*** Data to use ***
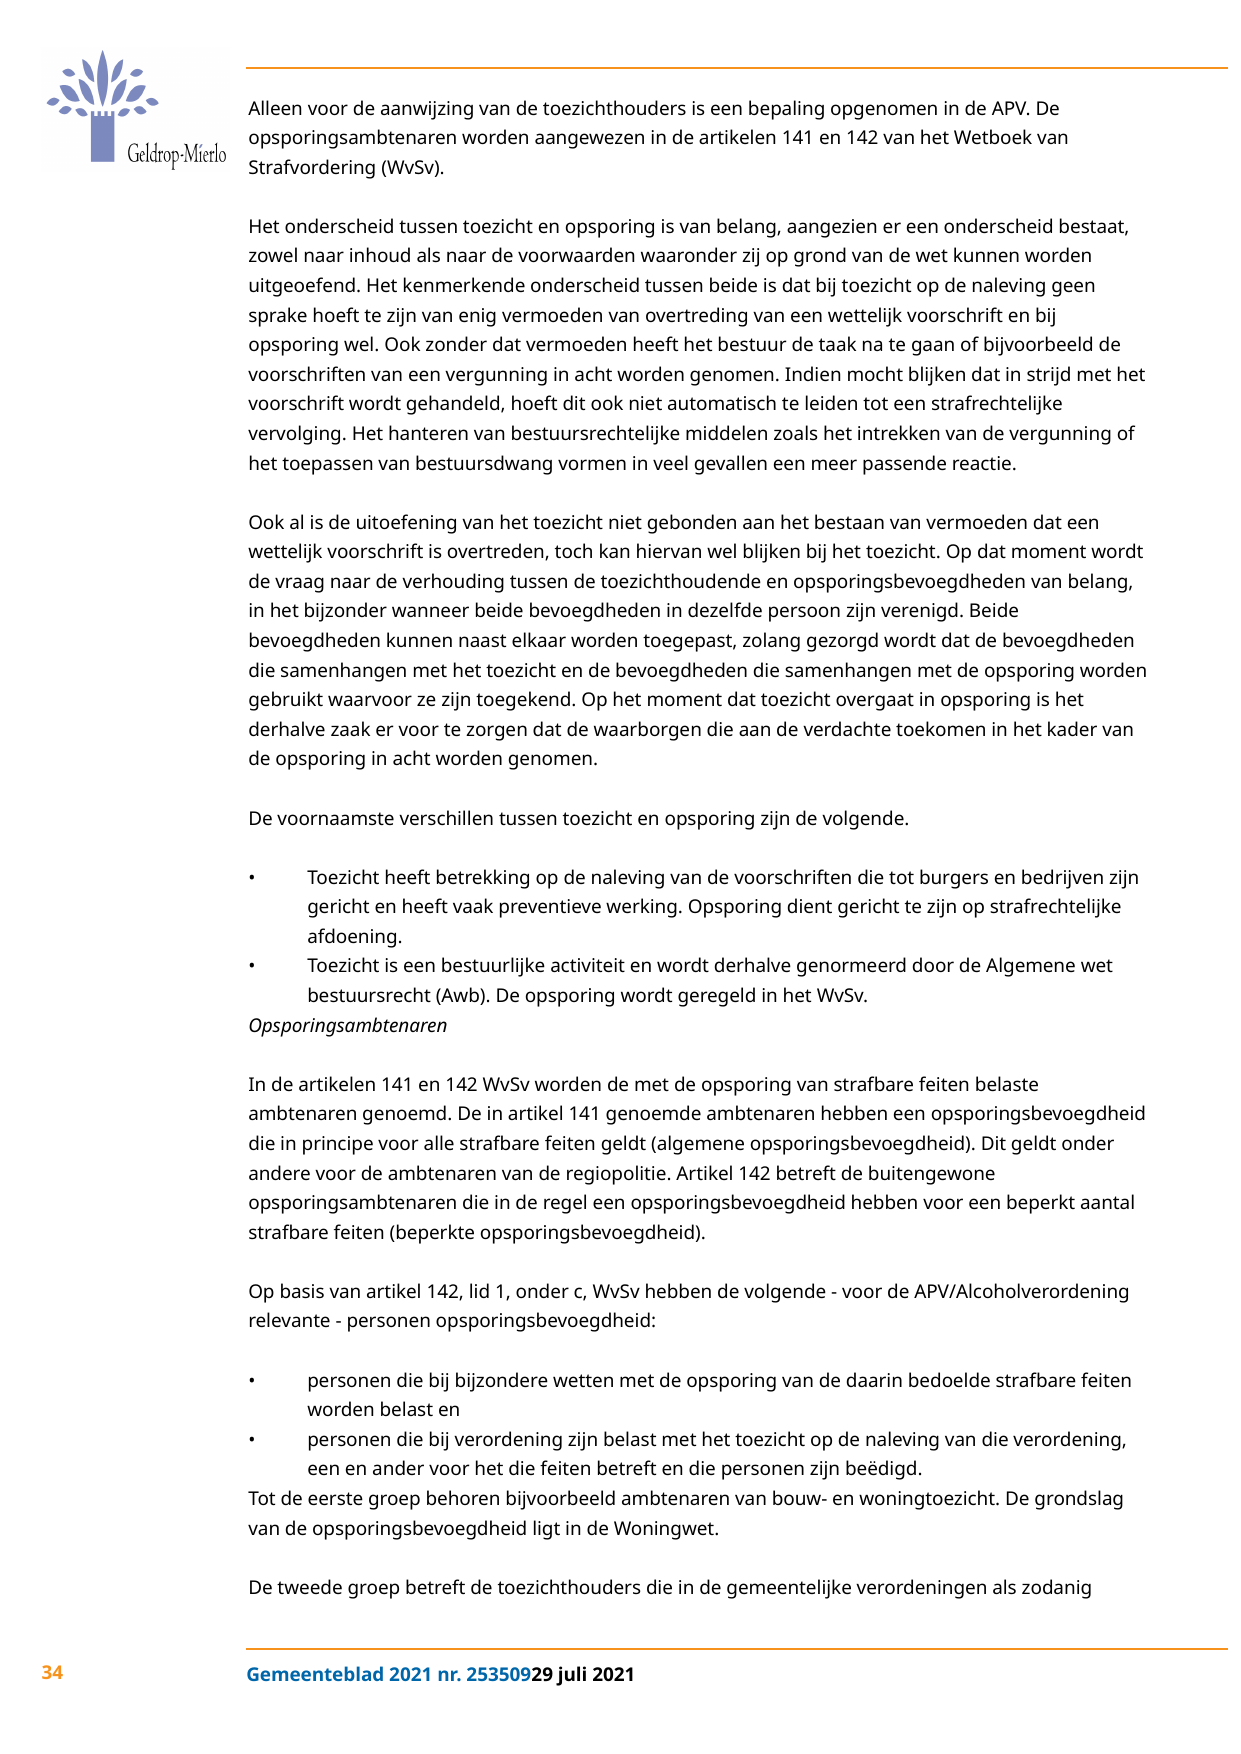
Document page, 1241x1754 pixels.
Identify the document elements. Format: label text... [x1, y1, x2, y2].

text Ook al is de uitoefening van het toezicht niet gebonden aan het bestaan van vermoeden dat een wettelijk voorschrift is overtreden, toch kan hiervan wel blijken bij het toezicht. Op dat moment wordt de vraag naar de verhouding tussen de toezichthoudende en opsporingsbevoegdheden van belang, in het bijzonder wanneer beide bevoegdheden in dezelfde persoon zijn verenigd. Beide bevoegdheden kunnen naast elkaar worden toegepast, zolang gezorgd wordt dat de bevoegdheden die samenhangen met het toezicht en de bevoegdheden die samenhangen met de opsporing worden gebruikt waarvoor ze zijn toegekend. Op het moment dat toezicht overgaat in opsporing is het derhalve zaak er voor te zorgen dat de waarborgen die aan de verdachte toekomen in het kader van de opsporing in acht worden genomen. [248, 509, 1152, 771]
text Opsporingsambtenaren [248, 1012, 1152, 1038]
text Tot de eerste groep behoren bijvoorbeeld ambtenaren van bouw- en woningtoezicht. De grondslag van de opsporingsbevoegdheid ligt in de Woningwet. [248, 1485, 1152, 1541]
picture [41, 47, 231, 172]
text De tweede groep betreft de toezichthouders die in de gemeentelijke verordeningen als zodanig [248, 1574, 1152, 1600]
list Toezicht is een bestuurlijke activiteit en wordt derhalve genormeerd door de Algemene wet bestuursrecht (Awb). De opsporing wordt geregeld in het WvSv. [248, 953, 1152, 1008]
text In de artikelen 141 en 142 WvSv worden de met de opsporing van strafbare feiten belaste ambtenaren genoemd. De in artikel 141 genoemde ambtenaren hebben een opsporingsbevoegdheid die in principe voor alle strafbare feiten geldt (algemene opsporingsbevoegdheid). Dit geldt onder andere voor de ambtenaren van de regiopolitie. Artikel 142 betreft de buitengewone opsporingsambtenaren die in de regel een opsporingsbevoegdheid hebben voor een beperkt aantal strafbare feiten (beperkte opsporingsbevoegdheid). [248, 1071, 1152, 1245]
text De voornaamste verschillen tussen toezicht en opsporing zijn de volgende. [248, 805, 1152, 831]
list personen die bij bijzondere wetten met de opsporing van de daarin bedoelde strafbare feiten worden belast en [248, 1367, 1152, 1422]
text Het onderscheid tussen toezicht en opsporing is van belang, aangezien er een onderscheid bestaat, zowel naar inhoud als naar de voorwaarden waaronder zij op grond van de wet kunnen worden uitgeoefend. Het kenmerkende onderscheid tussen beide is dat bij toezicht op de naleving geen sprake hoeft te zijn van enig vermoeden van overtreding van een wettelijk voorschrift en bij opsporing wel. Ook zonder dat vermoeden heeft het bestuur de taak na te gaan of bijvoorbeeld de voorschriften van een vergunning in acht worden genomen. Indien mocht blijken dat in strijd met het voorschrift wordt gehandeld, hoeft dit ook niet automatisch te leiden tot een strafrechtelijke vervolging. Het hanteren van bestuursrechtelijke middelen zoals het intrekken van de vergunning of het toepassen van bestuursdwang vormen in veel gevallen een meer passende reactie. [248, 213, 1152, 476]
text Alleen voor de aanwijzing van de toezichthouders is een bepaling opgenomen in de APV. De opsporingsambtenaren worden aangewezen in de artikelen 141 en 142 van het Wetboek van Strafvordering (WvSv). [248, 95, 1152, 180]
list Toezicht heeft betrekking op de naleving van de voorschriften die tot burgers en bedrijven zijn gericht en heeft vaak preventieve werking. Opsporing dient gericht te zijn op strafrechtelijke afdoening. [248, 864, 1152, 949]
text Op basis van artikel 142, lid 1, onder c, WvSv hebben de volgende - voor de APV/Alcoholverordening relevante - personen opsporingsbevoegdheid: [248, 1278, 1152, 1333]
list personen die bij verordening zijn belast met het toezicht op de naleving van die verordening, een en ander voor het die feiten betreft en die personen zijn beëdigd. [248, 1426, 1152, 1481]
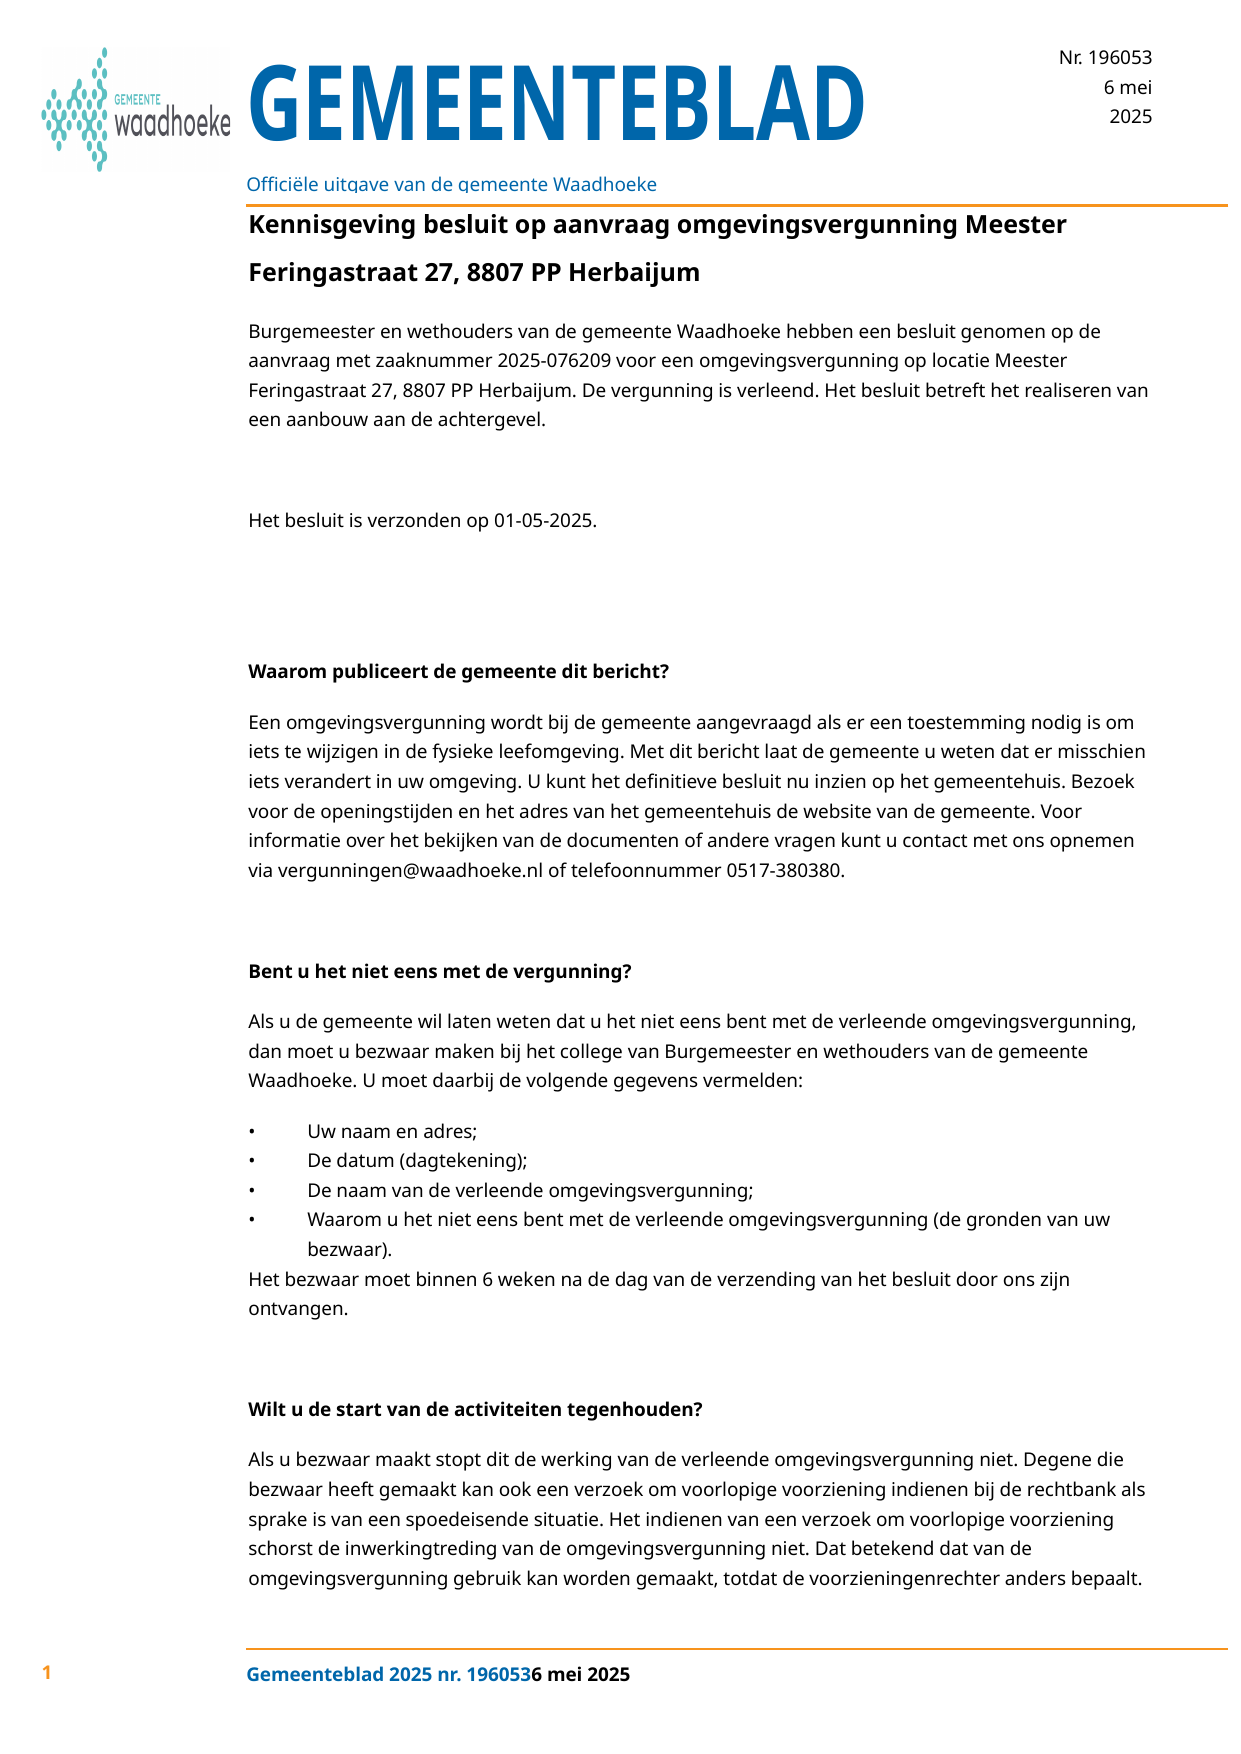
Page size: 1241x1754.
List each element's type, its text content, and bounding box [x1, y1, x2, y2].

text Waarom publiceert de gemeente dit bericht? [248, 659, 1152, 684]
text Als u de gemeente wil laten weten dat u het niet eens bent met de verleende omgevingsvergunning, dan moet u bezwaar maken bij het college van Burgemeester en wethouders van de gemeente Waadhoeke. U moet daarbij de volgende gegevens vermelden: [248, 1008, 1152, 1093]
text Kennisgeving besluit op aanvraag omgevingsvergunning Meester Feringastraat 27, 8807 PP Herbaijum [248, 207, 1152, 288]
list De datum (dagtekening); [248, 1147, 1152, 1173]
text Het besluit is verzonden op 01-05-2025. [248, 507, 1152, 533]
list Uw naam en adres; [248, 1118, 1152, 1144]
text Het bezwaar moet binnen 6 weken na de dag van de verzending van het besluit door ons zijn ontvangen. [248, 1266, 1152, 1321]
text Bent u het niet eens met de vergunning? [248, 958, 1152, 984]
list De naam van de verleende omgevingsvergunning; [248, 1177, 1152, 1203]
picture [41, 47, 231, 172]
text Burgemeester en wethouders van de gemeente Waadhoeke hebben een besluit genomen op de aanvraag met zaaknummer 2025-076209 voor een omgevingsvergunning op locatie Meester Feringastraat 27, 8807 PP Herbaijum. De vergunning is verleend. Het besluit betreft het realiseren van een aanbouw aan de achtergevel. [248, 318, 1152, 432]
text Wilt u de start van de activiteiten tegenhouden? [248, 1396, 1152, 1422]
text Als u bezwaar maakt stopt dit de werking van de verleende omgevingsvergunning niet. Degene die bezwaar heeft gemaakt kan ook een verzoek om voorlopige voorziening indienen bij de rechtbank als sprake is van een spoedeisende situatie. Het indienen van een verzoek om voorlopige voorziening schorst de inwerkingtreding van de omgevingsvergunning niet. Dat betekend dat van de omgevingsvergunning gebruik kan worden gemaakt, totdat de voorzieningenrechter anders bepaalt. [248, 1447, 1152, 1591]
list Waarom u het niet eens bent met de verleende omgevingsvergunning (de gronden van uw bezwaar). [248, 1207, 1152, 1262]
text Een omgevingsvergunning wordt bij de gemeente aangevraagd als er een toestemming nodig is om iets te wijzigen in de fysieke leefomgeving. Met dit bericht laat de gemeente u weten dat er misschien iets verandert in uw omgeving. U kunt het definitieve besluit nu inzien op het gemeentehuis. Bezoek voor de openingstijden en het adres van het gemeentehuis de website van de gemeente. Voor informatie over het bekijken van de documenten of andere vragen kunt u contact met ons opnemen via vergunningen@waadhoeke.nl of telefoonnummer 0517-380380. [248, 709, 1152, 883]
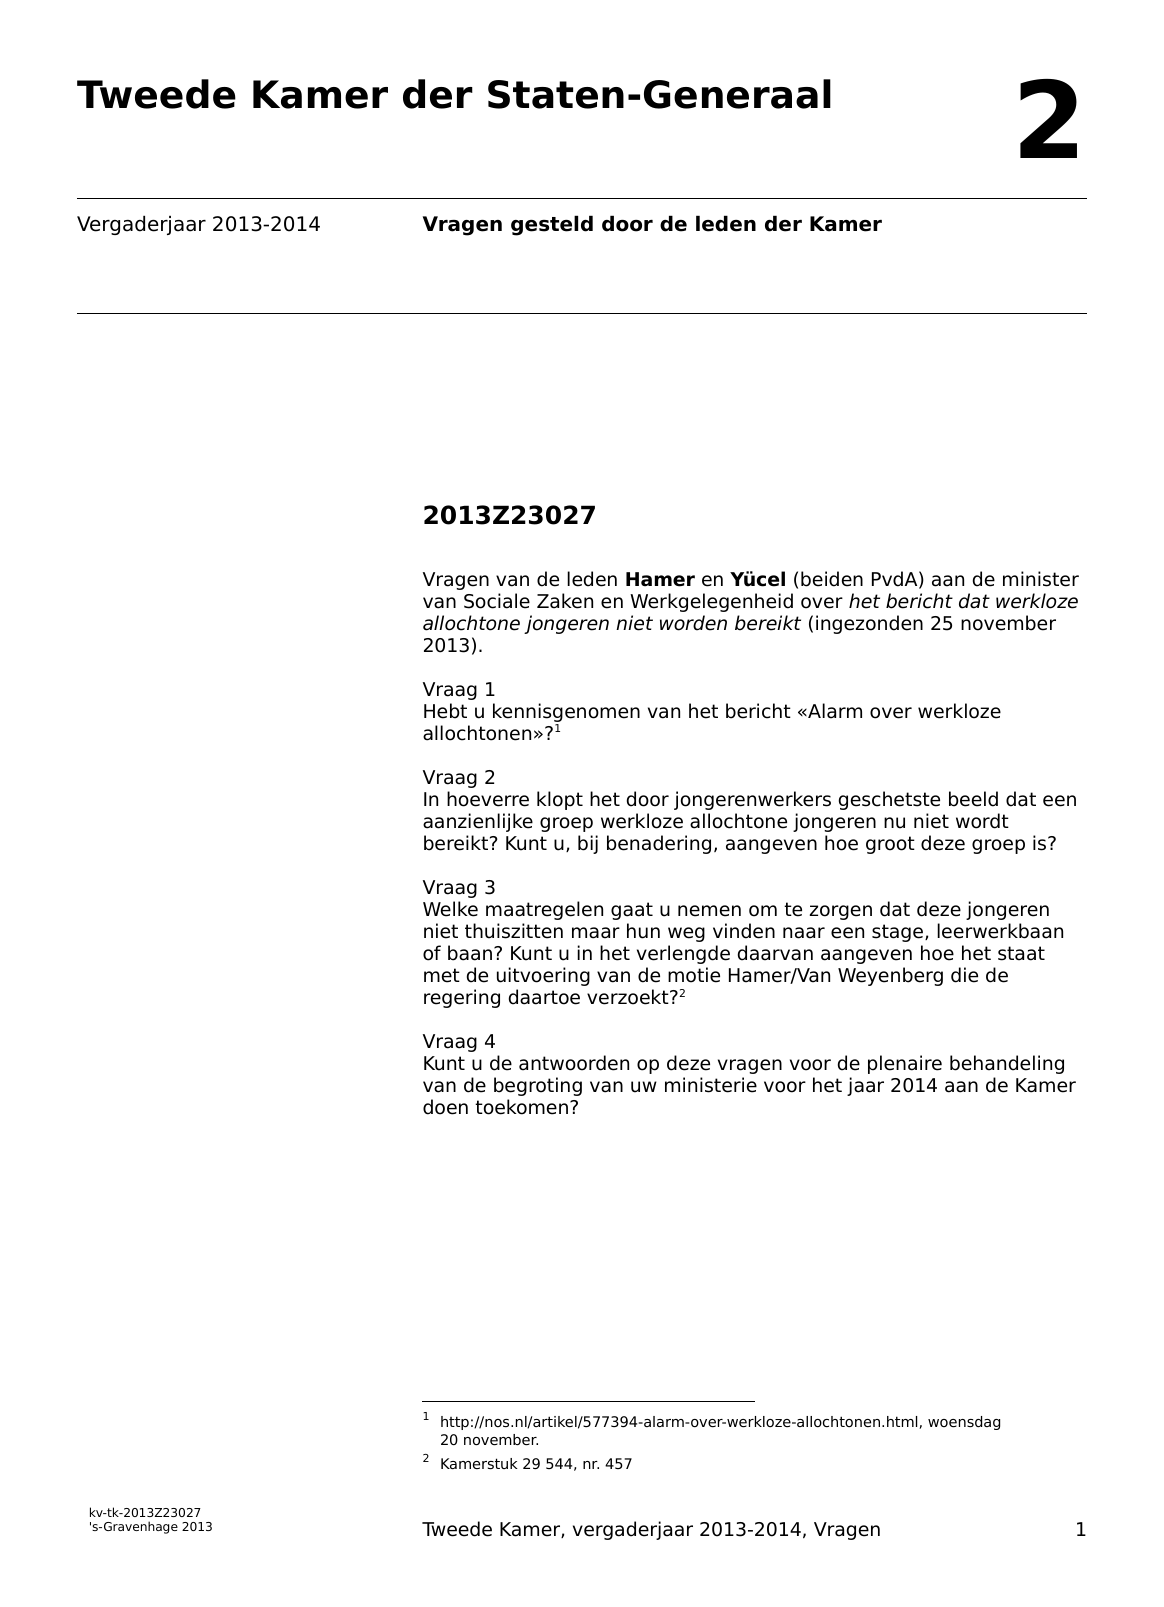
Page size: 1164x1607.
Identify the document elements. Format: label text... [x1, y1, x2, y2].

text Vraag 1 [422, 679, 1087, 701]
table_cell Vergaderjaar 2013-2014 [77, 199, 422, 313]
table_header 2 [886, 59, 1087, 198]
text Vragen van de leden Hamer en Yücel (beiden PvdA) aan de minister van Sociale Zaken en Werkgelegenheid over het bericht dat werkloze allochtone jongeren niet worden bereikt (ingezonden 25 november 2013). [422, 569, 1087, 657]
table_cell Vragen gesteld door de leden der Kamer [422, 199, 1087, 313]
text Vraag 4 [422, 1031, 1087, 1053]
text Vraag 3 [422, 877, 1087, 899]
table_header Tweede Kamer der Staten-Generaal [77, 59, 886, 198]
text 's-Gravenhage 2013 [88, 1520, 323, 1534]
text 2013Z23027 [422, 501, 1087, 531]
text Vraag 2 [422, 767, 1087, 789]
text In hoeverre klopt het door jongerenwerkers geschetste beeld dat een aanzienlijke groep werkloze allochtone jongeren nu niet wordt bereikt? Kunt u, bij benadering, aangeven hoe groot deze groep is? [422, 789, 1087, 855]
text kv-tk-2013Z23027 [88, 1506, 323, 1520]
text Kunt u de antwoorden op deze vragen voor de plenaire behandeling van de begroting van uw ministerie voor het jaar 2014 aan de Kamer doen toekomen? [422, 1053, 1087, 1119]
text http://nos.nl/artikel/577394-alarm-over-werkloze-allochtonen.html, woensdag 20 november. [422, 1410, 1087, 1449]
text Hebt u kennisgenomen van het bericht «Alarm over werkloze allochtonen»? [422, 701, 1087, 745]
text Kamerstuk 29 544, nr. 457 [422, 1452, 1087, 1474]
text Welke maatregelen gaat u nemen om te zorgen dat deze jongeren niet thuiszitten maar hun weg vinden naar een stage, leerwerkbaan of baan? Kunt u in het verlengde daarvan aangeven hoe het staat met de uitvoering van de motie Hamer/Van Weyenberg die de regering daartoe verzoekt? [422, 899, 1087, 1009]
*** End of Data to use ***
• _Assignment_
If the word "toezichthouders" appears in a line above, copy that line.

• _Answer to the problem_
text De tweede groep betreft de toezichthouders die in de gemeentelijke verordeningen als zodanig [248, 1574, 1152, 1600]
text Alleen voor de aanwijzing van de toezichthouders is een bepaling opgenomen in de APV. De opsporingsambtenaren worden aangewezen in de artikelen 141 en 142 van het Wetboek van Strafvordering (WvSv). [248, 95, 1152, 180]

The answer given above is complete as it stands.